My dissertation that has about three sentences in it.
After a year.
Why don’t I work on it? I could give you all the usual reasons: new baby, full time job, husband, house, blah blah blah. But the real reason is simple.
I don’t want to. I have been in college since
dinosaurs roamed the earth fuck, let’s see … carry the one … 1998. Jesus, 12 years. I am tired. I want to go home at night and be with my family and not think about technicaltopicthatmyadvisorhasfundingtostudy. When I do spend time working on research, I remember why I’m doing this. I enjoy it; I enjoy studying and learning, and the topic has direct application in my career. But writing and compiling and having to think about how all the moving parts work together? Exhausting.
I want to finish. I have come too damn far to quit now. But I almost wish that I had never started down this road.
So while I was putting the baby down tonight, in the dark with no distractions, I started thinking about the math involved in finishing this.
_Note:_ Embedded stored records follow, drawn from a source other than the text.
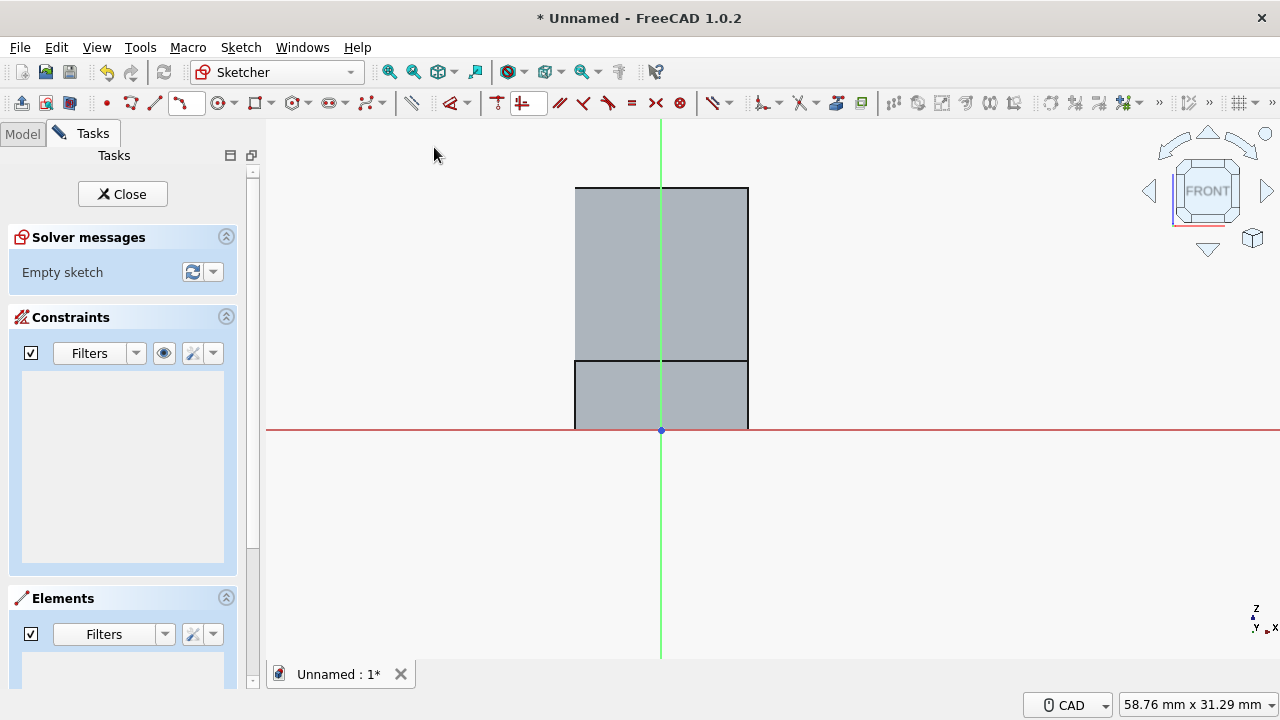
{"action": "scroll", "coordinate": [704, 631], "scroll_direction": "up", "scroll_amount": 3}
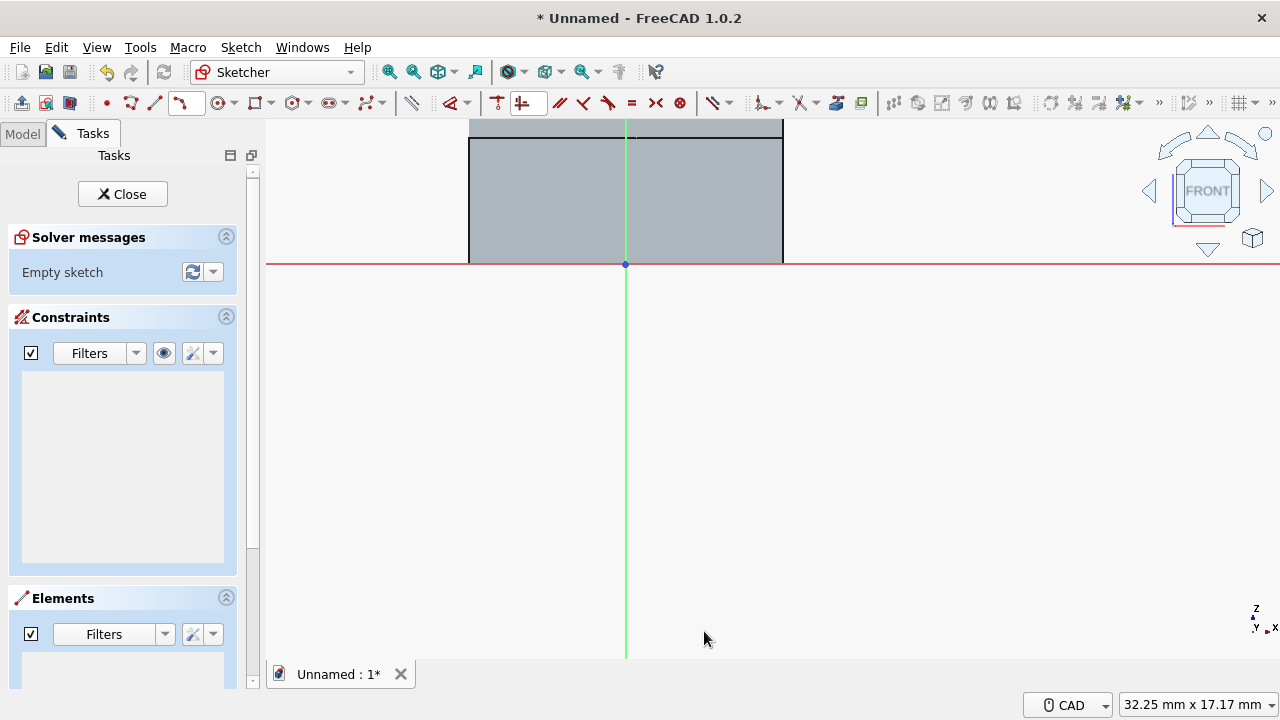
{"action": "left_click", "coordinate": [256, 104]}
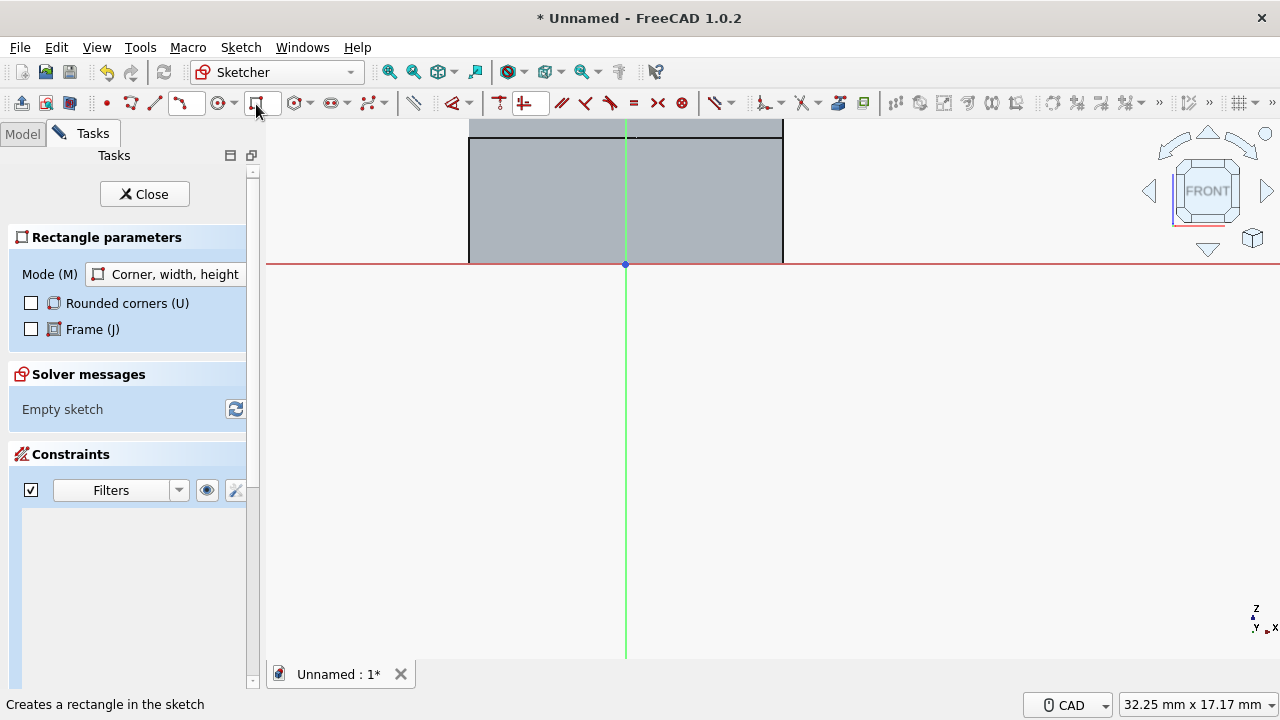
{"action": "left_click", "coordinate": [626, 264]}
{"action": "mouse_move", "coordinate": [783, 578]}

One paragraph each day for 365 days = 365 paragraphs. 365 paragraphs / 4 paragraphs per page = 91ish pages. 91ish pages = almost a full dissertation. Seeing as I’m scheduled to graduate in 2012, that’s the rate I need to be writing at.
A paragraph a day. I can do that.
So henceforth, I am instituting NaDissWriYear. I am committing to writing one paragraph each day for the next 365 days. If I get more than that, whoot! But if not, at a minimum, I’ll be well on my way.